● EXERCISE DETAILS: In the entries that follow, count each line containing "section" and state the total, nothing more.

Records from a collection
⁂
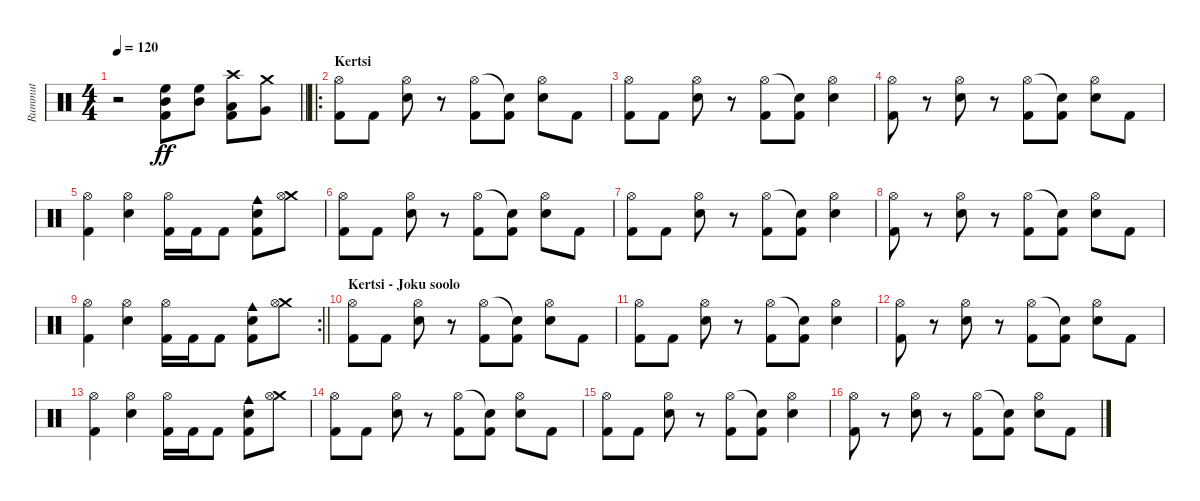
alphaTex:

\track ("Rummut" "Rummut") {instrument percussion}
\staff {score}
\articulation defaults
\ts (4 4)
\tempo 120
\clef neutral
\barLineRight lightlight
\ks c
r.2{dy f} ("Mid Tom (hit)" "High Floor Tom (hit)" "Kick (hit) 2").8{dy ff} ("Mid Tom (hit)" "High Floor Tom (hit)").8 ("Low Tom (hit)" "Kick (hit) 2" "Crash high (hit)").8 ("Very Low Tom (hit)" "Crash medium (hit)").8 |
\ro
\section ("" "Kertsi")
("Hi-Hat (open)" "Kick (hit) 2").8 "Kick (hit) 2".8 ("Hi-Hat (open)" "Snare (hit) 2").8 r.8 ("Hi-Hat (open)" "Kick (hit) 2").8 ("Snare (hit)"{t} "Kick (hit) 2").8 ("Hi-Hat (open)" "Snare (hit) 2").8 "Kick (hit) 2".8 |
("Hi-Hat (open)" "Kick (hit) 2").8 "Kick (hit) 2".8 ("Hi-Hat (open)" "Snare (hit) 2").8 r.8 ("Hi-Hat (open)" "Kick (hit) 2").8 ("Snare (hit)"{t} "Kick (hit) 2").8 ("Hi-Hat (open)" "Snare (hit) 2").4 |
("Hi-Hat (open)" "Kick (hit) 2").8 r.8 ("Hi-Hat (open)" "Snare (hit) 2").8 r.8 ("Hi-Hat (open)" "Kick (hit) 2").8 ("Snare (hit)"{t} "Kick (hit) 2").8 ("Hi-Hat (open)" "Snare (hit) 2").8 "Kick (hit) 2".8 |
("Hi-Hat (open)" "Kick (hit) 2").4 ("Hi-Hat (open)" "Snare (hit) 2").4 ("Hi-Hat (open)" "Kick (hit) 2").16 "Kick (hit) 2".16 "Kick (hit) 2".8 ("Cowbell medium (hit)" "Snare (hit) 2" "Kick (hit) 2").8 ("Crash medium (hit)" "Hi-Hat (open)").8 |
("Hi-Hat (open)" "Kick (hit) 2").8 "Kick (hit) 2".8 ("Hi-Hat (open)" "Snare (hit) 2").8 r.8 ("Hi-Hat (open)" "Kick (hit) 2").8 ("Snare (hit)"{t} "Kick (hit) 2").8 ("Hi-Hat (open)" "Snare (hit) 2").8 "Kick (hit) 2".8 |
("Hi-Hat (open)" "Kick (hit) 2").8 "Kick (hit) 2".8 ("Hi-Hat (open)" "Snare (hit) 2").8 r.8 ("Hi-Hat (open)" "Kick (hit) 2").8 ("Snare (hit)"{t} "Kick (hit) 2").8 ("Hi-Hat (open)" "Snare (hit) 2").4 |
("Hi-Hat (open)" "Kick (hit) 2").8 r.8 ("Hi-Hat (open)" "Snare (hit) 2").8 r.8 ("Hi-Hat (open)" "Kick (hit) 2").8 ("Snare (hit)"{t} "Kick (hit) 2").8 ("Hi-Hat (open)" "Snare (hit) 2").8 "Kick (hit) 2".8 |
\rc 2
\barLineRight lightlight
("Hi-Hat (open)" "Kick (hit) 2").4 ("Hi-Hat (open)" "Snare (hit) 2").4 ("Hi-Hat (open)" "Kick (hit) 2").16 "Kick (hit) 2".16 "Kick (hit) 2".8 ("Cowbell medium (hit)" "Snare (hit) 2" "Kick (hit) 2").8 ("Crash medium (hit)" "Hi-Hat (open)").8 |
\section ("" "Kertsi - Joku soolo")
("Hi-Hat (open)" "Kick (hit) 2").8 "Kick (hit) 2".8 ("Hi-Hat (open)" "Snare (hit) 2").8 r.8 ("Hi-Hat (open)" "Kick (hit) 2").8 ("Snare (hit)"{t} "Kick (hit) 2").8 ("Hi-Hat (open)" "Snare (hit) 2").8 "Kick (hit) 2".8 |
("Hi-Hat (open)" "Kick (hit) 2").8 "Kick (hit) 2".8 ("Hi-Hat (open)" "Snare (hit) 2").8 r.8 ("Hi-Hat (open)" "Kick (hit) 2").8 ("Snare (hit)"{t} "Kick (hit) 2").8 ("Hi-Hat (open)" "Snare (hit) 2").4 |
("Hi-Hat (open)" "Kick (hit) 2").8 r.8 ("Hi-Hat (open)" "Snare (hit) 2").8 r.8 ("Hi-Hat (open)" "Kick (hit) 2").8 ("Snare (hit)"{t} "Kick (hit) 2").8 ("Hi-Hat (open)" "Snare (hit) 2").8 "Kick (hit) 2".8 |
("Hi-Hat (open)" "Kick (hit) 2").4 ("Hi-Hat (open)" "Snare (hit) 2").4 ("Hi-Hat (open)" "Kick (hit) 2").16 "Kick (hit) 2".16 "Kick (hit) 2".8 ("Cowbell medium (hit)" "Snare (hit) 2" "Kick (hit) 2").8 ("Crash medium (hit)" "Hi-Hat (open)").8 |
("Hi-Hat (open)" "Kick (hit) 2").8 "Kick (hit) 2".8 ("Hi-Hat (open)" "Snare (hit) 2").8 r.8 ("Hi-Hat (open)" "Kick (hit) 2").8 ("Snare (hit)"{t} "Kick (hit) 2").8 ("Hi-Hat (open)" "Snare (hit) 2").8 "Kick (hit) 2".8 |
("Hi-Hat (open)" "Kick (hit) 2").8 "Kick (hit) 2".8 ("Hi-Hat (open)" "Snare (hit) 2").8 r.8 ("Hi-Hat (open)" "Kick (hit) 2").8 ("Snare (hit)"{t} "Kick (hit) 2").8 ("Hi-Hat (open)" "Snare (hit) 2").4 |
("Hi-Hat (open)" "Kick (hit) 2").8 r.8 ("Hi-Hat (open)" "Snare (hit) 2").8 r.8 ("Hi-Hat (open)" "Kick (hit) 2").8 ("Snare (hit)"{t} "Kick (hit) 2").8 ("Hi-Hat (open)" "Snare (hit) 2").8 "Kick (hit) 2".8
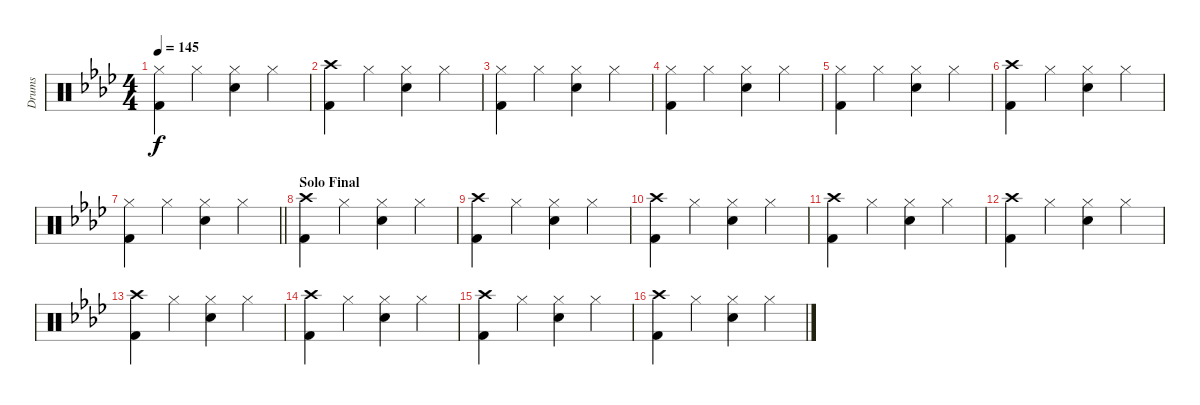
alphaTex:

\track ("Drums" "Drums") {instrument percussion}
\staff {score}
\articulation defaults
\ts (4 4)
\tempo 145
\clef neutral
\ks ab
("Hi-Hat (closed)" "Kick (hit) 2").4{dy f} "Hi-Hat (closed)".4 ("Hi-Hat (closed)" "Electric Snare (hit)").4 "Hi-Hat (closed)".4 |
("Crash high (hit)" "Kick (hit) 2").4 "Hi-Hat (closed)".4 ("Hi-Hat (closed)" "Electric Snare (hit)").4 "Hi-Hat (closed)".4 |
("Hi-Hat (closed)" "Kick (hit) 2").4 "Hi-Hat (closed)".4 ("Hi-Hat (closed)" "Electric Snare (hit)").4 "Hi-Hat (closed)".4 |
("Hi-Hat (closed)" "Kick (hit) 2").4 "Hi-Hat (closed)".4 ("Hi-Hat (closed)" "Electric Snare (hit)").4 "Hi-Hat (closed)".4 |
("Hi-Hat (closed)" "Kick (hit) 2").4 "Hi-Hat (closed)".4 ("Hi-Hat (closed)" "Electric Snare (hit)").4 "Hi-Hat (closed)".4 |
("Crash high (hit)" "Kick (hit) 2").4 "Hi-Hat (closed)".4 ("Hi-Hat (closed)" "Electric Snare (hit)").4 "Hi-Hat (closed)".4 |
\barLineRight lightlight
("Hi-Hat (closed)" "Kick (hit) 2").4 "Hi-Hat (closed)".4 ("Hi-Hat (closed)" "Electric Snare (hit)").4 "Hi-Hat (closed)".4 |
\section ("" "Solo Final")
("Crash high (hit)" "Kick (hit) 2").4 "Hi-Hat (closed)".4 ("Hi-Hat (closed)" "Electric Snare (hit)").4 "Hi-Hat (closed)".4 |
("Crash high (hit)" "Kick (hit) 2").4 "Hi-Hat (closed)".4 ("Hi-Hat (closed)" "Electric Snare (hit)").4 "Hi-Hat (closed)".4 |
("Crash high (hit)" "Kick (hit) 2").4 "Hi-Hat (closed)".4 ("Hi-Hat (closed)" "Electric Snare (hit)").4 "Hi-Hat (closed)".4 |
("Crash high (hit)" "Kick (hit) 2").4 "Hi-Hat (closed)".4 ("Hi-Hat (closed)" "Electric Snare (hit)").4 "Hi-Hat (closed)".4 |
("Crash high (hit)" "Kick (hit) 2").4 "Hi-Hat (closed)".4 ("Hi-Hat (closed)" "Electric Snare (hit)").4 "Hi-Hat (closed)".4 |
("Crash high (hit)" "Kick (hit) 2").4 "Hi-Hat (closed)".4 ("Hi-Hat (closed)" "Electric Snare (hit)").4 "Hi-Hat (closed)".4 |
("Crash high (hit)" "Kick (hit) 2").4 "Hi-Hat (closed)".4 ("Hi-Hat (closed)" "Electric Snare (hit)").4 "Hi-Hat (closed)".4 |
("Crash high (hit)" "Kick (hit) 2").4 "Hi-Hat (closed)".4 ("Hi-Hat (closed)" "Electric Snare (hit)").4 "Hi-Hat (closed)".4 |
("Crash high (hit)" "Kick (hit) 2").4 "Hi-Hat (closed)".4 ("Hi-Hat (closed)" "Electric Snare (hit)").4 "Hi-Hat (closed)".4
⁂
● ANSWER BOX: 3